### Task requirements
Without including any pictures, copy each entry below exactly.
-- Information supplied follows --
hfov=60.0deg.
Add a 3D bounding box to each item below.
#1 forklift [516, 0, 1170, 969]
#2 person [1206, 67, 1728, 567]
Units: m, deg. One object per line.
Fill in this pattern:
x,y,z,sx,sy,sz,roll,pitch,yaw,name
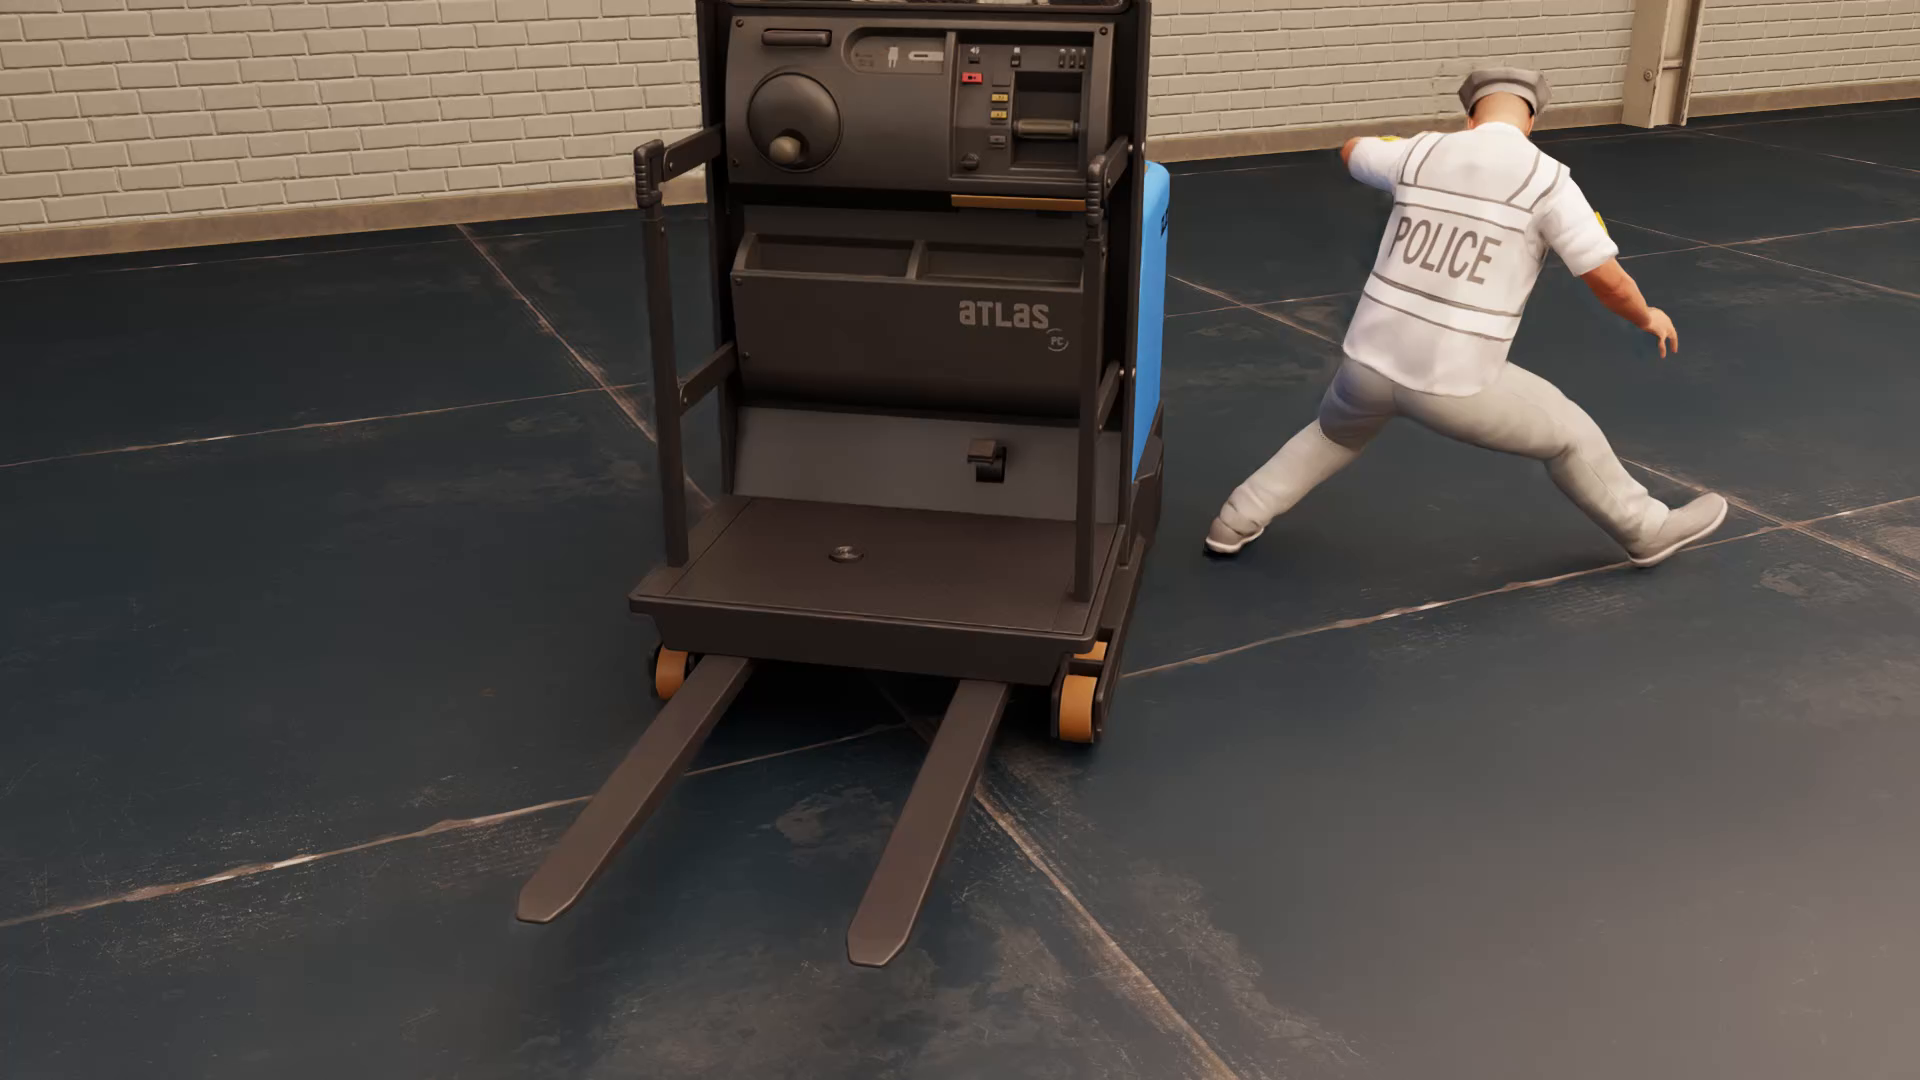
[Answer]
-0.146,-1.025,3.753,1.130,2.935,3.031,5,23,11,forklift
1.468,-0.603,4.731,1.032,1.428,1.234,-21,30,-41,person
-- Information supplied concluded --
### Reply to the exercise
hfov=60.0deg.
Add a 3D bounding box to each item below.
#1 forklift [516, 0, 1170, 969]
#2 person [1206, 67, 1728, 567]
Units: m, deg. One object per line.
Fill in this pattern:
x,y,z,sx,sy,sz,roll,pitch,yaw,name
[Answer]
-0.146,-1.025,3.753,1.130,2.935,3.031,5,23,11,forklift
1.468,-0.603,4.731,1.032,1.428,1.234,-21,30,-41,person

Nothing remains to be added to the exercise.